Figure 4: Relative (left) and absolute strength gains (middle) as well as time course of peak power changes
(calculations based on Carillo. 2012)
The notion that this was the case, is simply a consequence of selective reporting (or in this case "highlighting") of study outcomes (cf. Chan. 2004); or, in other words, we are (mis-)lead by the overemphasis Carrillo et al. put on the early (first 4-weeks) increase in peak power, and their corresponding nonchalant surreptitious reference to the fact that "[n]o other improvements were observed with supplementation" (Carillo. 2012). In short, there is a ballyhooed increase in "peak strength" in the early weeks, but this does not change the fact that the participants in the vitamin D3 arm of the study ended up gained more fat and less muscle, and were - at the end of the trial - neither stronger nor leaner (neither in terms of their body fat %, nor in terms of their waist-to-hip ratio, which was not associated with supplementation!)

From a mere statistical perspective, you could even argue that nothing happened. And let's be honest does that vindicate vitamin D supplementation? I don't think so! If you want to make a change, get big and buffed or strong and sexy, get your lazy ass off the couch and out in the sun, work out regularly, prepare your own nutritious food and drop all useless supplements (see "Three Simple Rules of Smart Supplementation") ... but you know all that, already, right?
Image 2: Does "doing science" come down to presenting only those facts that are in line with the orig. research hypothesis, these days? (img.
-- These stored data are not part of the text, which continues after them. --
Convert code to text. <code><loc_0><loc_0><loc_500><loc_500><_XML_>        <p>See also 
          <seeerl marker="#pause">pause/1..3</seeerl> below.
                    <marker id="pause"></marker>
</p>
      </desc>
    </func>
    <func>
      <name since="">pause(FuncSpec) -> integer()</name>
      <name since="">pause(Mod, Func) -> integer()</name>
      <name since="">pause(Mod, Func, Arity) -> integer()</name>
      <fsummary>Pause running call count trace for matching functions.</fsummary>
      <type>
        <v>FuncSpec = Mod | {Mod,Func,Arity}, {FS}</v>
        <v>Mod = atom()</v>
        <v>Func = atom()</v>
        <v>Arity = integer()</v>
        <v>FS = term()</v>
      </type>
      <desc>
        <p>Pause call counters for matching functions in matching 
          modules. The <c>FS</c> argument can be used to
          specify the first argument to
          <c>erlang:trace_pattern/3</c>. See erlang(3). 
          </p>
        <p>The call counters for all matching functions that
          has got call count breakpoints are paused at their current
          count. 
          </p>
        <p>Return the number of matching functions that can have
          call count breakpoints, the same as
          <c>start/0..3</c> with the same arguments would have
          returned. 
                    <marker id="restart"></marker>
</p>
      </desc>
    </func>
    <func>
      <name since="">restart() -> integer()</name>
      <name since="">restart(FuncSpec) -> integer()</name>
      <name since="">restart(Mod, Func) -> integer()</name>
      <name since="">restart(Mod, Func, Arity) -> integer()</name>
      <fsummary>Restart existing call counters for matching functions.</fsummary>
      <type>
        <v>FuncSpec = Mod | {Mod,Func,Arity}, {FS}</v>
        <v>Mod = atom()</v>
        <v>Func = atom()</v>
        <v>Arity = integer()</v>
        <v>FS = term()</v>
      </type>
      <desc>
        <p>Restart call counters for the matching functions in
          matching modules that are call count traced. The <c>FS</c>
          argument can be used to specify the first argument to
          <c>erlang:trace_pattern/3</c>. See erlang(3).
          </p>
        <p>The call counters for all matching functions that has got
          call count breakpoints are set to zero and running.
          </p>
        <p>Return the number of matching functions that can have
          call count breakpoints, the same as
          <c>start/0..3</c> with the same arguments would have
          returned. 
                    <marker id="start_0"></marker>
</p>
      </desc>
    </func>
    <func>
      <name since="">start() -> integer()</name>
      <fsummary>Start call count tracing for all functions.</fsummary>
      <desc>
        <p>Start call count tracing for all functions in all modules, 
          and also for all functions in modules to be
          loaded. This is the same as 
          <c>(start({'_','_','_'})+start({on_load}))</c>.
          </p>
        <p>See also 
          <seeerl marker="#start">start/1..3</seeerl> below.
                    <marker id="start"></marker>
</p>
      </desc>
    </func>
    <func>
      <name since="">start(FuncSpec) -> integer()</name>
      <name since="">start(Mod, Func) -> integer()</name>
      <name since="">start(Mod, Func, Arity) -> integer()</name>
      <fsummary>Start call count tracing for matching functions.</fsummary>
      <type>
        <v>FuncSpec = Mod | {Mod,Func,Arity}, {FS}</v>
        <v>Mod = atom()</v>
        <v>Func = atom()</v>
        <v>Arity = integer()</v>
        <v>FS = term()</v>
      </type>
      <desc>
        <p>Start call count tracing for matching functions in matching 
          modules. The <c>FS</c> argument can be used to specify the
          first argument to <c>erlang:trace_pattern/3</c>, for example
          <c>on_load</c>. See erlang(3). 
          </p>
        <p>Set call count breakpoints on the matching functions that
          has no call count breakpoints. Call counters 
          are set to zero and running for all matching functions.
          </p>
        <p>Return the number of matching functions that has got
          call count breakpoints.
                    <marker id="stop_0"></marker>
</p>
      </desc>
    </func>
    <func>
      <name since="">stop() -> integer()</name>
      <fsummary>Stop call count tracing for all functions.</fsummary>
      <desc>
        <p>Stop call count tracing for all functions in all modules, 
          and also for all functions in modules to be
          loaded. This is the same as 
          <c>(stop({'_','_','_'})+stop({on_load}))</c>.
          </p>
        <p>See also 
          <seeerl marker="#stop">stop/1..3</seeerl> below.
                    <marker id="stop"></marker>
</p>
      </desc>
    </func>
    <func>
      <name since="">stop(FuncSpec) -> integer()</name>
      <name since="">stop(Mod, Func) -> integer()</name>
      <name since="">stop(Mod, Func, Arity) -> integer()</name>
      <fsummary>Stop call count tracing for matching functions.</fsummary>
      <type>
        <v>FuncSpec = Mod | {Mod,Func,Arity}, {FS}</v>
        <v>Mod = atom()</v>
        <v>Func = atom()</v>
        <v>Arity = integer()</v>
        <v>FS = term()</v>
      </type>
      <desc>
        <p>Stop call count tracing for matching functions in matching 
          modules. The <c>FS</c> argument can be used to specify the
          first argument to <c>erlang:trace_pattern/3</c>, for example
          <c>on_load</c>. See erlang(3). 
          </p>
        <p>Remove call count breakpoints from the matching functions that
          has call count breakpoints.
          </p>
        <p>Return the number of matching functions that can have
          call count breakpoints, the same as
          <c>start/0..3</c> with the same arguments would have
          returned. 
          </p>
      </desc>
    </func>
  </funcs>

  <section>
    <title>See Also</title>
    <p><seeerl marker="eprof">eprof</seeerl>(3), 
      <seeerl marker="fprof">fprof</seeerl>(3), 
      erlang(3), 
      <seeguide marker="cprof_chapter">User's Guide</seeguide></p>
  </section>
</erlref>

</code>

Some more general remarks: Now, I could hardly care less that this is yet another study showing that vitamin D3 is a supplemental non-starter., but there is one thing that really drives me up the walls and this is the fact that you as an intelligent and critical SuppVersity reader who is determined and willing to question what he reads on the Internet, but in 99% of the cases won't have access to full-texts of papers like this, are being mislead by abstracts, which are written for the sole purpose to tailor to the original research hypothesis
"[...] that vitamin D supplementation during resistance training would result in greater gains in muscle mass and function as well as improved glucose tolerance compared to exercise training alone." (Carillo. 2012)
and that irrespective of the fact that the actual data disproves this hypothesis!

  • Carillo AE, Flynn MG, Pinkston, C, Markofki MM, Jian Y, Donkin SS, Teegarden D. Impact of vitamin D supplementation during a resistance training intervention on body composition, muscle function, and glucose tolerance in overweight and obese adults. Clinical nutrition (Edinburgh, Scotland) 3 September 2012.
  • Chan AW, Hróbjartsson A, Haahr MT, Gøtzsche PC, Altman DG. Empirical evidence for selective reporting of outcomes in randomized trials: comparison of protocols to published articles. JAMA. 2004 May 26;291(20):2457-65
  • Rantanen T, Masaki K, He Q, Ross GW, Willcox BJ, White L. Midlife muscle strength and human longevity up to age 100 years: a 44-year prospective study among a decedent cohort. Age (Dordr). 2012 Jun;34(3):563-70. Epub 2011 May 4.